## Summary

On September 17, 2019, Yu Darvish recorded eight consecutive strikeouts for the Chicago Cubs. It was clear that this was regarded by the broadcast crew as tremendously rare, and much historical context was given — including reference to the MLB record of ten consecutive strikeouts by Tom Seaver in 1970. Given that one of the most significant changes in baseball over the past several decades is the increase in strikeout rate, I was curious to find out how much more likely such an occurrence is today versus 50 years ago.

In the end, what I find is that baseball is currently in the midst of an era where the frequency of such events is increasing exponentially, and so looking back is bound to deceive. Finally, I show that the empirical data does fit this model fairly well, and if current trends continue this effect is about to become much more noticeable.

## Getting started

In order to find the expected rate of incidence, we first need to establish:

1. How many opportunities are there? I.e. for potential streak length X, a given pitcher in each game has [total batters faced - X] opportunities to begin such a streak

2. How likely is this streak to materialize? If our pitcher on average strikes out 25% of all batters he faces, the odds of striking out any string of eight batters in consecutive fashion is 0.25^8, or about 1 in 66,000.
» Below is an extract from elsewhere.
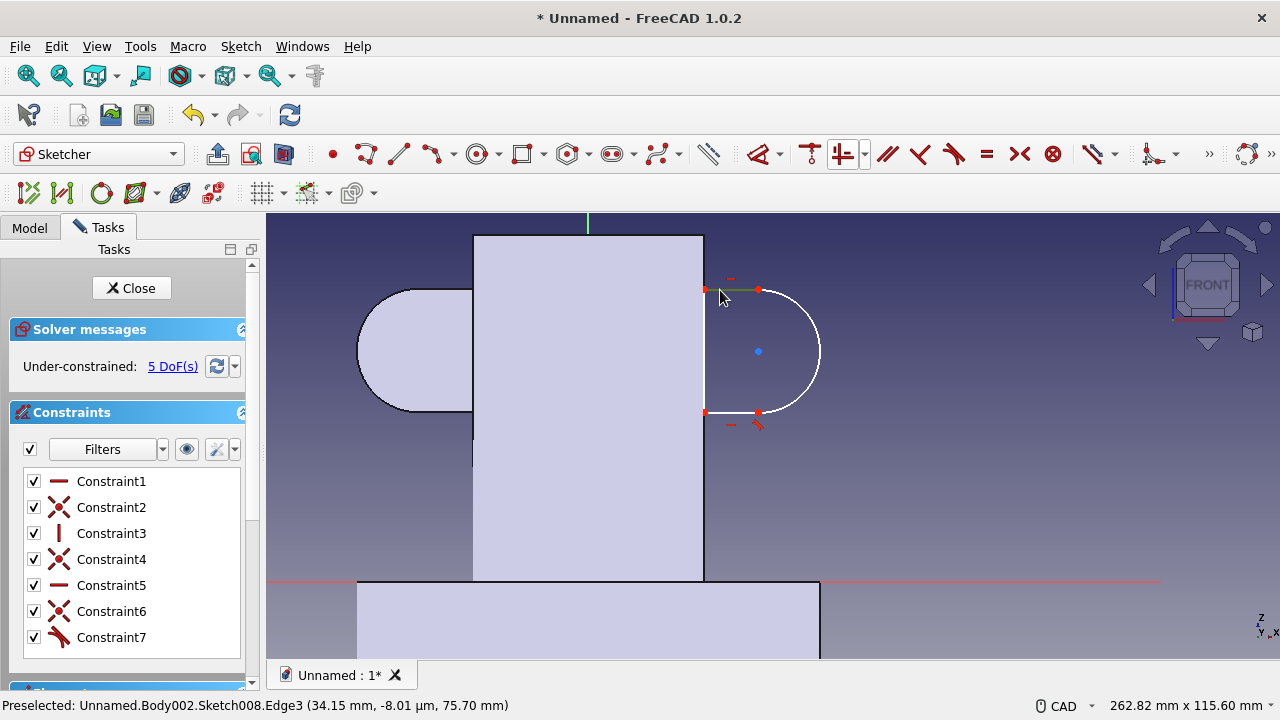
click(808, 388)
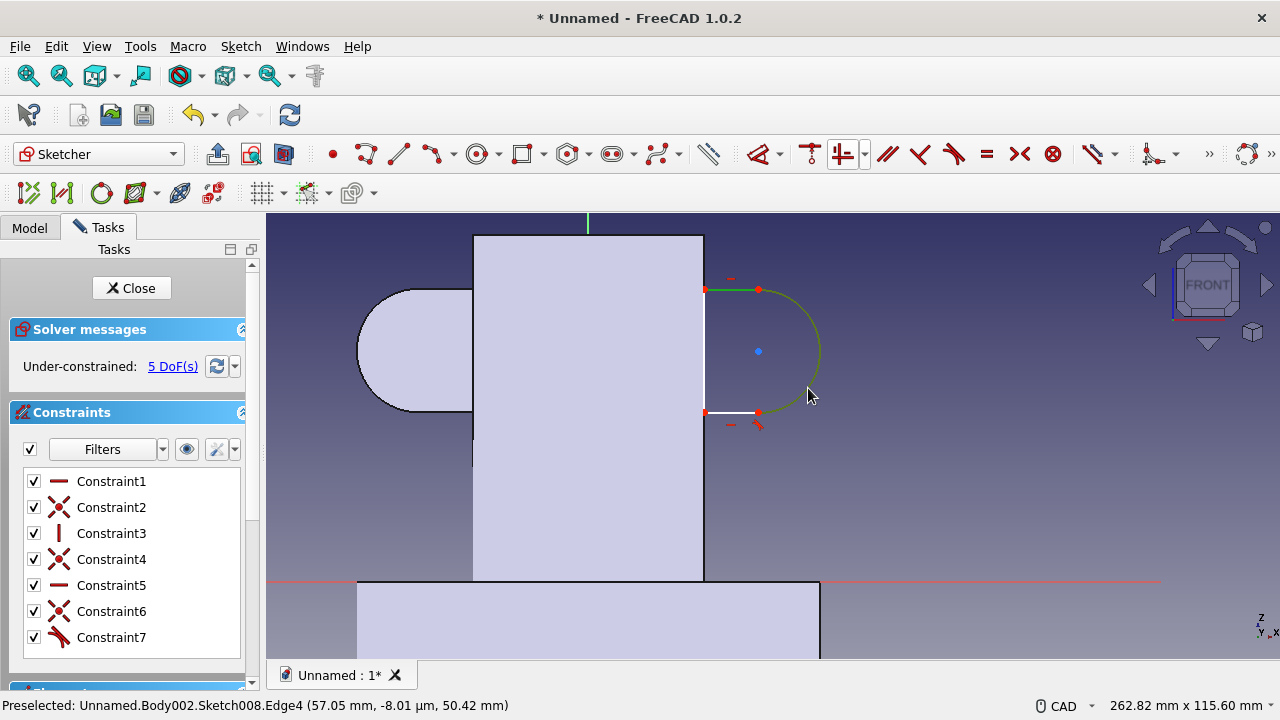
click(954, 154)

To that end, it was easy enough to get FanGraphs to spit out a table of all the usual pitching stats, SP only, MLB-wide, by year since 1900.
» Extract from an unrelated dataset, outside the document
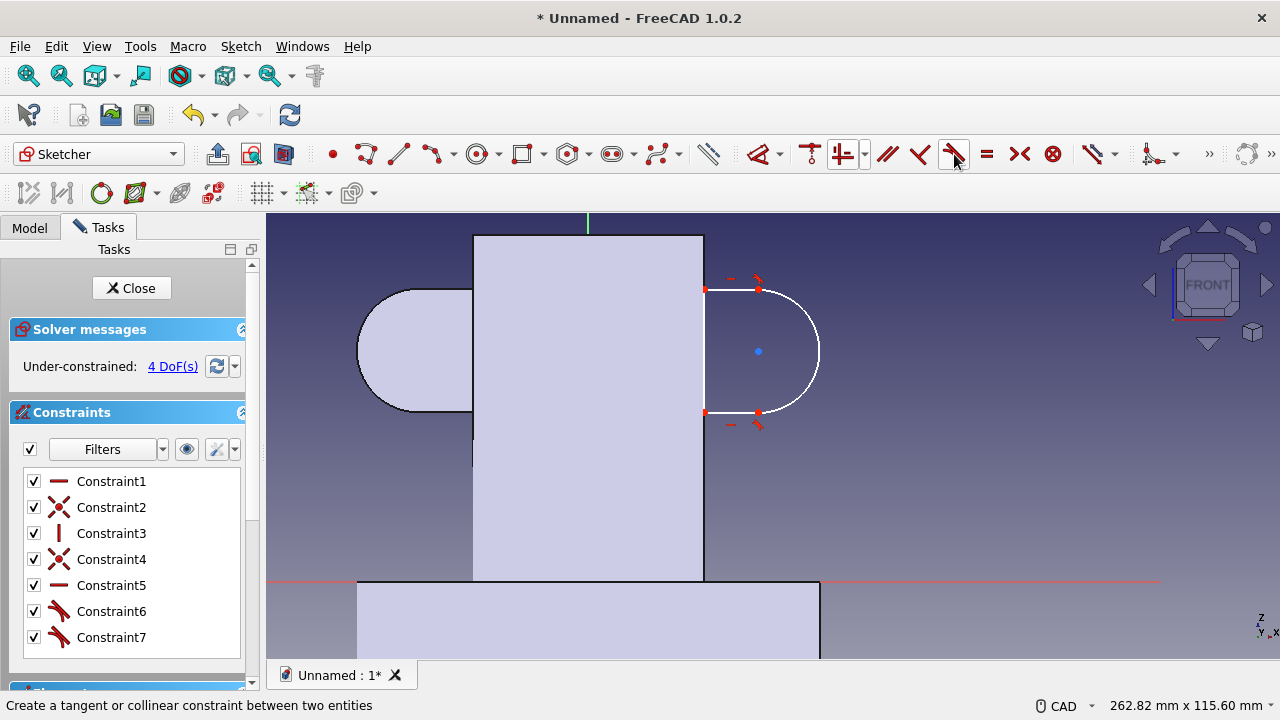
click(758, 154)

This does not include Batters Faced, but we can back that out using BF = 3*IP + H + BB + HBP. From there, we just need to back out the 'K rate' using K / BF.

```import pandas as pd
%matplotlib inline
pd.options.display.float_format = '{:.2f}'.format

raw_stats = 'C:/Users/tmaul/Documents/GitHub/website/assets/raw_data/fan_graphs_sp_data.csv'
cols_to_use = ['Season', 'GS', 'IP', 'H', 'BB', 'HBP', 'SO']
# drop 2020 due to 60 G season
sp_data_fg = pd.read_csv(raw_stats, usecols=cols_to_use, index_col='Season').rename(columns={'SO' : 'K'}).drop(2020)
sp_data_fg['BF_est'] = sp_data_fg.IP*3 + sp_data_fg.H + sp_data_fg.BB + sp_data_fg.HBP
sp_data_fg['BF_per_start_est'] = sp_data_fg.BF_est/sp_data_fg.GS
sp_data_fg['K_rt_SP'] = sp_data_fg.K/sp_data_fg.BF_est
sp_data_fg
# this is a limited approximation bc of RPs
# note that this is an estimate of actual occurences. Irregularities such as truncated seasons (1981, 1995), and the fact that there weren't always 30 teams, will be reflected in the data we're using
```

GS H BB IP HBP K BF_est BF_per_start_est K_rt_SP
Season
1900 1131 10711 2942 9743.00 516 2643 43398.00 38.37 0.06
1901 2217 20819 5420 19457.10 874 6954 85484.30 38.56 0.08
1902 2225 20144 5367 19559.20 761 6595 84949.60 38.18 0.08
1903 2226 19640 5390 19532.20 750 7923 84376.60 37.91 0.09
1904 2492 20174 5676 21830.00 800 9250 92140.00 36.97 0.10
... ... ... ... ... ... ... ... ... ...
2015 4858 28040 8518 28223.10 1040 23218 122267.30 25.17 0.19
2016 4856 27452 9004 27412.20 993 23619 119685.60 24.65 0.20
2017 4860 26919 9330 26787.10 1040 23691 117650.30 24.21 0.20
2018 4862 24800 8782 26060.20 1095 23875 112857.60 23.21 0.21
2019 4858 24869 8282 25157.20 1049 23970 109671.60 22.58 0.22

120 rows × 9 columns

## A pastime unlike the past

Now that we have all of the necessary numbers in place, let's take a look at some basic trends. As expected, the 'K rate' has increased dramatically in the last 100 years. However, we can also see that the average starting pitcher in 1900 faced almost twice as many batters as today, and this diminished opportunity will counteract the surge in punch-outs to some extent.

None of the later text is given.